Many homeowners facing foreclosure don’t understand that even after their home is sold at auction the mortgage company can come after them for the balance of their mortgage. When a mortgage company comes after a homeowner for payment after foreclosure, it’s with what’s called a deficiency judgment.
Here’s what you need to know about Foreclosure Deficiency Judgments:
- In the state of Texas a mortgage company may win a deficiency judgment if the mortgage you have on your home is significantly more than what they sold if for at a foreclosure auction. For example, if you bought your home for $150,000, have a mortgage for $100,000 and the home sold for $50,000 at a foreclosure auction, you could be on the hook for the balance of that mortgage.
- The law says that the mortgage company can only come after the homeowner for the difference between the balance of the mortgage and the “fair market value” of the home. In laymen’s terms it means that an appraiser will value the home and say what it’s really worth on today’s market and then the mortgage company will subtract what it was auctioned for from that amount.

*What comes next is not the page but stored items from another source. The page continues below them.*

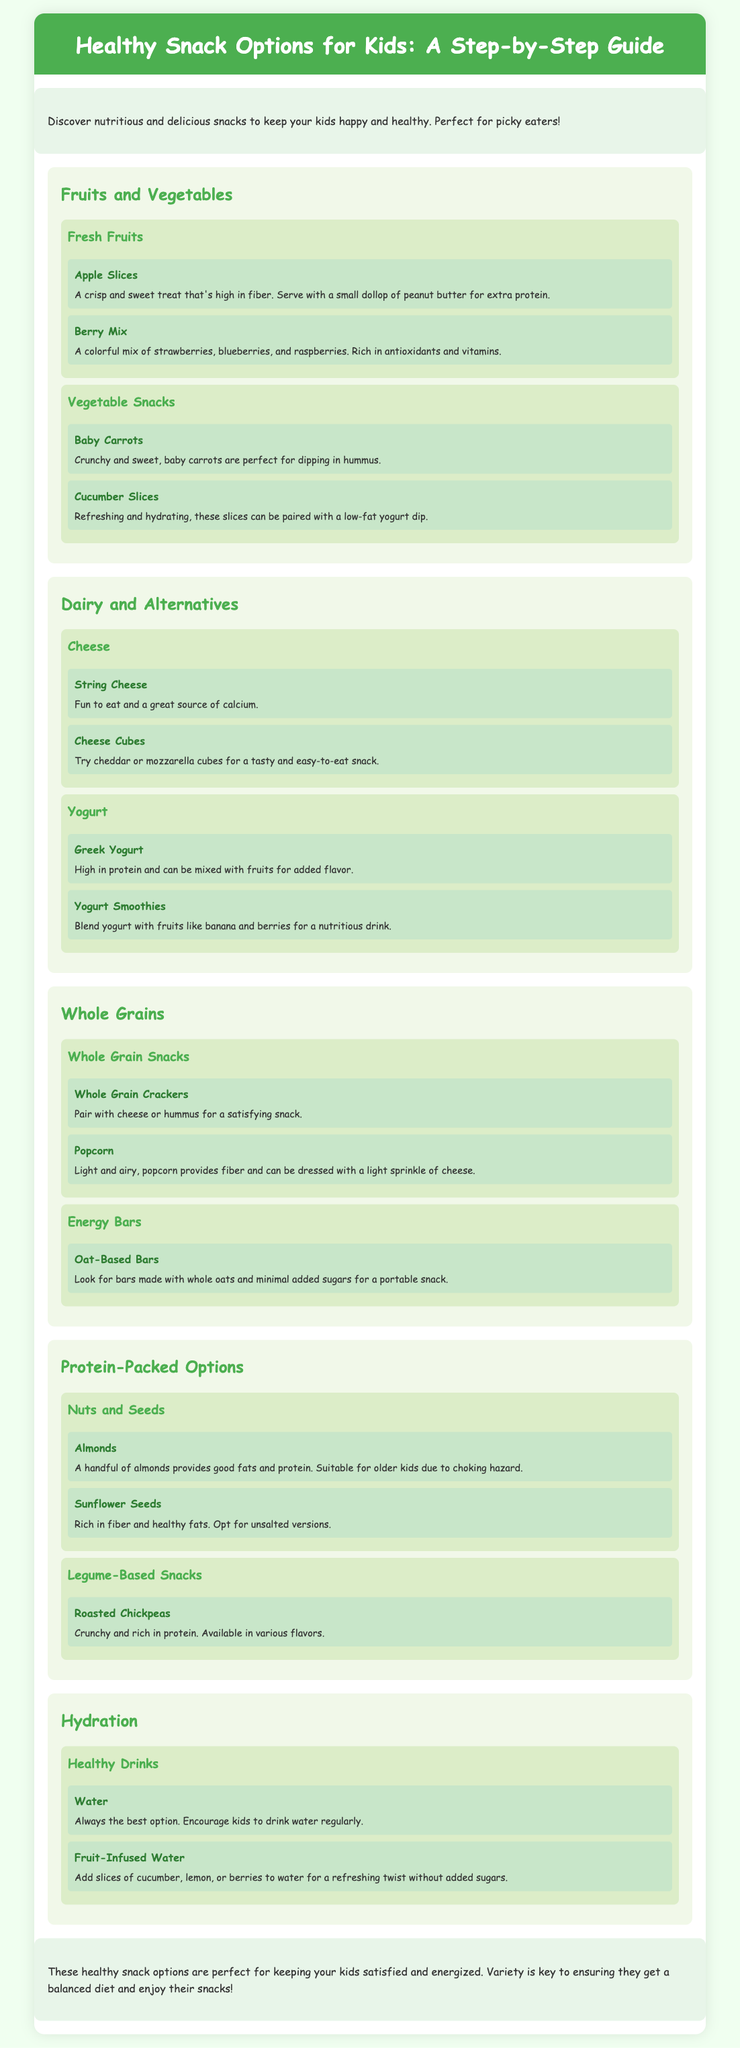what is the title of the document? The title is prominently displayed at the top of the document and provides a clear overview of the content.
Answer: Healthy Snack Options for Kids: A Step-by-Step Guide how many sections are there in the document? The document is divided into several main sections, each covering different snack options for kids.
Answer: 5 what are two examples of fresh fruits mentioned? The document lists different types of fruits in the section about fruits and vegetables, giving specific examples.
Answer: Apple Slices, Berry Mix which snack is suggested for hydration? The document identifies different snacks and drinks in the hydration section that are suitable for kids.
Answer: Water what type of cheese is fun to eat? The document provides specific examples of cheese options in the dairy section, focusing on snacks kids enjoy.
Answer: String Cheese how are baby carrots best enjoyed? The document describes the suggested way to enjoy baby carrots in the vegetable snacks subsection.
Answer: Dipping in hummus which snack option is rich in protein and can be flavored? The document highlights nutritious snacks and suggests an option that is protein-rich and available in various flavors.
Answer: Roasted Chickpeas what should be added to water for a refreshing twist? The document mentions adding specific items to water in the hydration section, offering a creative drink option for kids.
Answer: Slices of cucumber, lemon, or berries 
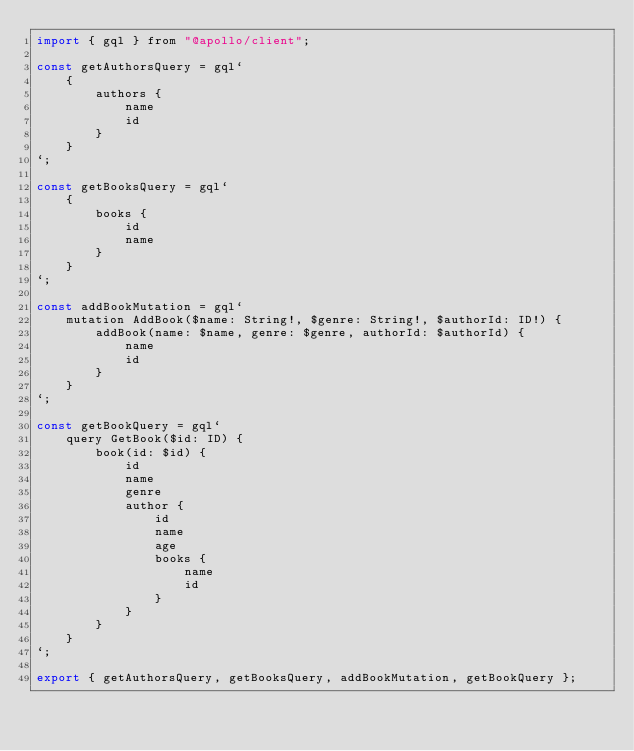<code> <loc_0><loc_0><loc_500><loc_500><_JavaScript_>import { gql } from "@apollo/client";

const getAuthorsQuery = gql`
    {
        authors {
            name
            id
        }
    }
`;

const getBooksQuery = gql`
    {
        books {
            id
            name
        }
    }
`;

const addBookMutation = gql`
    mutation AddBook($name: String!, $genre: String!, $authorId: ID!) {
        addBook(name: $name, genre: $genre, authorId: $authorId) {
            name
            id
        }
    }
`;

const getBookQuery = gql`
    query GetBook($id: ID) {
        book(id: $id) {
            id
            name
            genre
            author {
                id
                name
                age
                books {
                    name
                    id
                }
            }
        }
    }
`;

export { getAuthorsQuery, getBooksQuery, addBookMutation, getBookQuery };
</code>

For example, if the home mentioned in our first point is determined to have a “fair market value” of $100,000 the debtor would owe $50,000; but if the appraiser said the home was only worth $75,000, then the debtor would owe $25,000.
- The mortgage company holds all of the cards when it comes to deficiency judgments because they have the appraisers in their back pocket. Many appraisals are challenged and found to be faulty. However, most foreclosure victims don’t have the resources and energy to fight deficiency judgment appraisals when they are dealing with other debt issues. That’s why many choose to file bankruptcy where a deficiency judgment can be discharged.